I had a daughter who was exactly the same - no other attachments, loved her binky, helped her sleep, had it since birth. I know the research has shown no permanent damage from binky use as long as you give it up before permanent teeth come in, but I will just tell you one little thing we ran into. It's not a huge deal, and I'm not even sure I'm absolutely convinced the dentist is right, but....The first time I took my daughter in to the dentist (she was a pediatric dentist), she was 2 and had just given up the binky during the day, but still used it at night. The first thing the dentist asked was if she had a binky or thumb-sucking habit. She said that it had caused a cross-bite and that we should try to get completely rid of the binky as soon as we could. She says she sees the cross-bite thing all the time. So take it with a grain of salt, it is just one dentist's opinion, but I thought I would share it with you.
I did read in a parenting magazine once that you should try to wean off of daytime use by 2 yrs old and nighttime use by 4 years old. They had all kinds of reasoning that made sense to me at the time, but I couldn't remember it now to save my life.
Both times I decided to wean off the binky thing (once for daytime & once for nighttime) I thought I would try it & if it didn't go well, I would wait & try again later. To my surprise, they both went well - not without resistance, but it was not the nightmare I was expecting. So maybe try what I did & see how it goes. You never know. It may work, it may not - but it's probably worth a try.
When my daughter was just shy of 2 yrs, we decided to wean off of daytime. I just told her that big girls don't use binkies during the day and that the binkies had to stay in her crib. She asked for her binky a few times the first couple of days. I would tell her again that they were in her crib, but we weren't going to get them out and then I would distract her with playing with her or with a toy or something.
She gave up her nighttime binkies when she turned 3. Leading up to the 3rd birthday, we told her that part of turning 3 was growing up & giving up her binky. On her birthday, she threw away the last of the binkies herself. The first night was really hard getting her to sleep. She cried and I hugged her and told her it would be okay. I told her stories & gave her "something to think about" while she fell asleep. I left, but told her I would come back & check on her. She cried for awhile & I would go back every 15 minutes or so and go through the routine again. She finally fell asleep. The next night was quite a bit easier and by the 3rd night, she went right to sleep and hasn't looked back.
My friend had the "binky fairy" come one night & leave her daughter a present.

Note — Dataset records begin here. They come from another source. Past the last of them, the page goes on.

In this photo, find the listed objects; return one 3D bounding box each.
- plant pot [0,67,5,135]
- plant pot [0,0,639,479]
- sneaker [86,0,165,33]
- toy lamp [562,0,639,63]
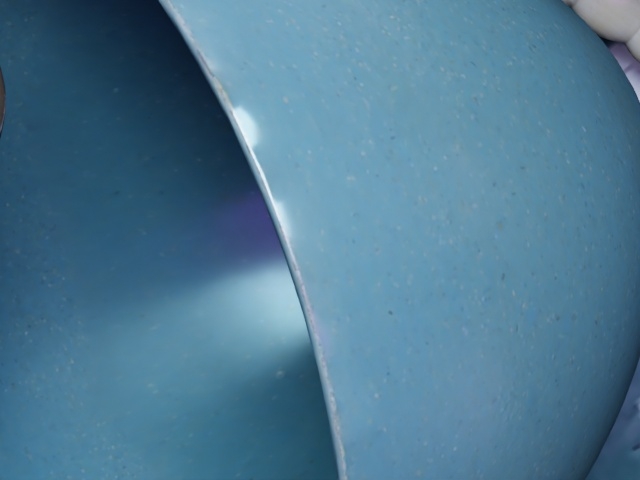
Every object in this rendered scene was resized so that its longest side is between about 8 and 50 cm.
[{"bbox_3d":[-0.201,0.007,0.507,0.215,0.215,0.230,45,125,-4],"label":"plant pot"},{"bbox_3d":[0.000,0.000,0.555,0.195,0.290,0.290,-19,94,-31],"label":"plant pot"},{"bbox_3d":[-0.151,-0.119,0.606,0.236,0.104,0.095,4,92,-4],"label":"sneaker"},{"bbox_3d":[0.117,-0.087,0.634,0.275,0.080,0.080,34,91,-4],"label":"toy lamp"}]
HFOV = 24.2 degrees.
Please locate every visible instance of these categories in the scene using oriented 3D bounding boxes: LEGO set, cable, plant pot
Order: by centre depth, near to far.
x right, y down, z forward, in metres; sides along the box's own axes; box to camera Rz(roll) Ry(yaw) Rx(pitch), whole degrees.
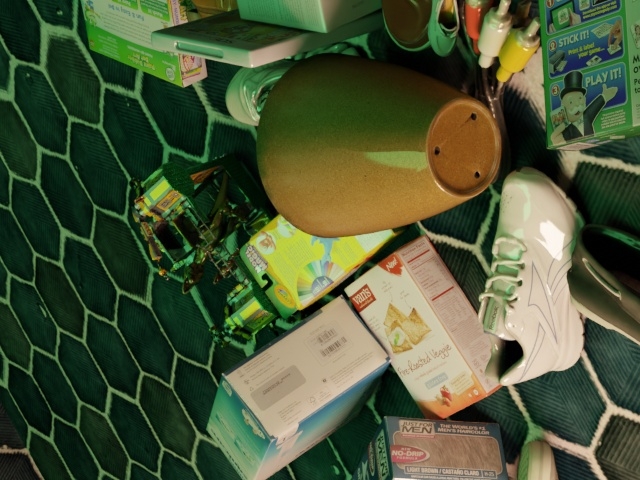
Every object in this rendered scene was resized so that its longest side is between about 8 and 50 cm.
[{"bbox_3d":[0.191,-0.192,1.772,0.139,0.072,0.287,46,144,30],"label":"cable"},{"bbox_3d":[0.089,-0.115,1.804,0.254,0.237,0.237,5,118,54],"label":"plant pot"},{"bbox_3d":[-0.171,0.034,2.246,0.192,0.255,0.331,-40,92,29],"label":"LEGO set"}]

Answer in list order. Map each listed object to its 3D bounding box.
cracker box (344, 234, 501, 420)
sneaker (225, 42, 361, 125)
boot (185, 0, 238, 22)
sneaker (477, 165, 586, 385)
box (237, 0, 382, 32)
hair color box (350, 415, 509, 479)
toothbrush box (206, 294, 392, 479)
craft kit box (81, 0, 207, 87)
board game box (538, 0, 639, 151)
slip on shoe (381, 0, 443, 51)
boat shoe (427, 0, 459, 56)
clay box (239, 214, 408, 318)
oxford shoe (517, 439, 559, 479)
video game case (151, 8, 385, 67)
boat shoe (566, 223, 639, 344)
[{"bbox_3d":[0.148,0.126,2.065,0.232,0.067,0.156,58,146,6],"label":"cracker box"},{"bbox_3d":[-0.059,-0.204,2.054,0.292,0.118,0.110,-4,112,55],"label":"sneaker"},{"bbox_3d":[-0.148,-0.368,2.093,0.152,0.073,0.197,13,136,50],"label":"boot"},{"bbox_3d":[0.253,0.053,1.819,0.111,0.129,0.297,22,129,46],"label":"sneaker"},{"bbox_3d":[-0.011,-0.332,1.881,0.170,0.130,0.091,18,128,46],"label":"box"},{"bbox_3d":[0.131,0.391,2.169,0.347,0.174,0.105,111,159,-49],"label":"hair color box"},{"bbox_3d":[-0.038,0.230,2.200,0.126,0.216,0.295,52,161,14],"label":"toothbrush box"},{"bbox_3d":[-0.283,-0.382,2.274,0.250,0.061,0.246,26,131,41],"label":"craft kit box"},{"bbox_3d":[0.343,-0.221,1.497,0.317,0.046,0.213,-12,78,56],"label":"board game box"},{"bbox_3d":[0.095,-0.370,1.743,0.123,0.101,0.331,30,137,36],"label":"slip on shoe"},{"bbox_3d":[0.148,-0.255,1.764,0.035,0.035,0.100,-102,9,-47],"label":"boat shoe"},{"bbox_3d":[0.000,0.000,2.094,0.222,0.053,0.127,-39,81,27],"label":"clay box"},{"bbox_3d":[0.334,0.477,2.039,0.130,0.169,0.449,-5,107,10],"label":"oxford shoe"},{"bbox_3d":[-0.068,-0.271,1.914,0.206,0.227,0.026,18,121,46],"label":"video game case"},{"bbox_3d":[0.405,0.079,1.656,0.335,0.112,0.095,29,140,43],"label":"boat shoe"}]
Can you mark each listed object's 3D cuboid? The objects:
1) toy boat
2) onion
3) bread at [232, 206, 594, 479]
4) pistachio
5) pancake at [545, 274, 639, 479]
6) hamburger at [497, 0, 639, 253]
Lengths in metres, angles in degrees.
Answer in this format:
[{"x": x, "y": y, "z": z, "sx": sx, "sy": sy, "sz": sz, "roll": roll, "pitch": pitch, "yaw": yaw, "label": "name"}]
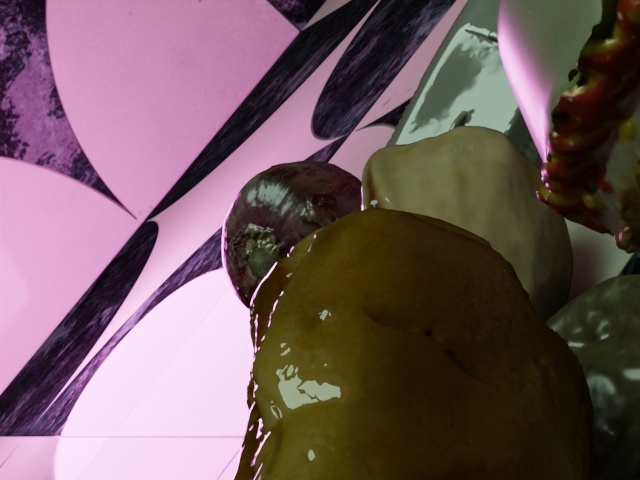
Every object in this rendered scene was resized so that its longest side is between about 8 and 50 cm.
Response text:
[{"x": 0.171, "y": -0.139, "z": 1.440, "sx": 0.269, "sy": 0.141, "sz": 0.141, "roll": -54, "pitch": 14, "yaw": -22, "label": "toy boat"}, {"x": 0.000, "y": 0.000, "z": 1.570, "sx": 0.159, "sy": 0.159, "sz": 0.195, "roll": -40, "pitch": -15, "yaw": 32, "label": "onion"}, {"x": 0.043, "y": 0.129, "z": 0.804, "sx": 0.149, "sy": 0.195, "sz": 0.344, "roll": -44, "pitch": 24, "yaw": 36, "label": "bread"}, {"x": 0.095, "y": 0.013, "z": 1.153, "sx": 0.157, "sy": 0.157, "sz": 0.229, "roll": -42, "pitch": 26, "yaw": 24, "label": "pistachio"}, {"x": 0.132, "y": 0.113, "z": 0.968, "sx": 0.236, "sy": 0.042, "sz": 0.222, "roll": -46, "pitch": 17, "yaw": 18, "label": "pancake"}, {"x": 0.231, "y": -0.109, "z": 0.858, "sx": 0.294, "sy": 0.179, "sz": 0.276, "roll": -19, "pitch": -33, "yaw": -28, "label": "hamburger"}]
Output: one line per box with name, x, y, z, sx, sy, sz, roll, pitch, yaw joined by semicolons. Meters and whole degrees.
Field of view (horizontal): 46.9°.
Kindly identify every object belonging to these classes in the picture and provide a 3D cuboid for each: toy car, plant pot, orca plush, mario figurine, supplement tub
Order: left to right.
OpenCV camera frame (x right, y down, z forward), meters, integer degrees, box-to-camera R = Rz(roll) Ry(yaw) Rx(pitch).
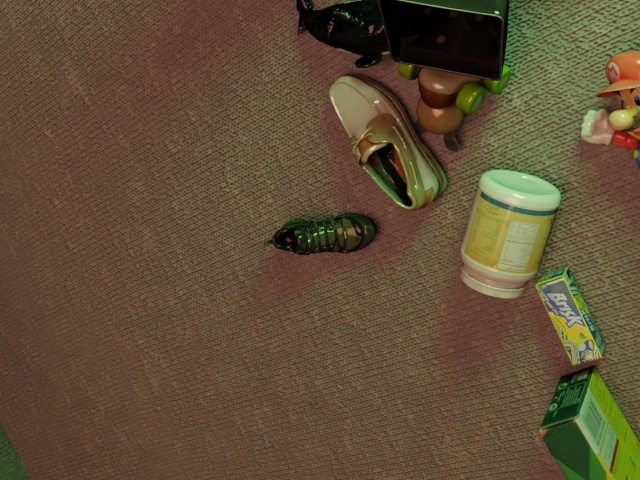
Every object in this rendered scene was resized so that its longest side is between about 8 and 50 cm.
orca plush;0.050;-0.413;1.334;0.287;0.102;0.151;35;98;34
toy car;0.228;-0.248;1.326;0.155;0.149;0.188;37;148;25
plant pot;0.214;-0.382;1.159;0.187;0.188;0.167;15;76;17
supplement tub;0.333;-0.012;1.321;0.144;0.144;0.199;21;116;21
mario figurine;0.517;-0.140;1.164;0.198;0.170;0.320;-19;99;34

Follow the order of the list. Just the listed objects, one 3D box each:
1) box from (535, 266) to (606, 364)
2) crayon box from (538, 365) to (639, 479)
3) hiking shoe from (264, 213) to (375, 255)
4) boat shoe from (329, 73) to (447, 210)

That worked really well for her.
Good luck! And don't worry - they all give it up eventually!
Hi Elizabeth,
Do not worry about the "right age" to wean him off a pacifier. It is different for each child. My grandson had his till he was 3, and he is just fine!! If you are concerned and want him off it, though, maybe you should start letting him have it at home only at naptime and bedtime. Wean him off it slowly and explain your new schedule to him thoroughly. To me, a 2 year old is still a baby. If he doesn't respond well to the weaning right now, don't worry about it. Give him some more time to grow up.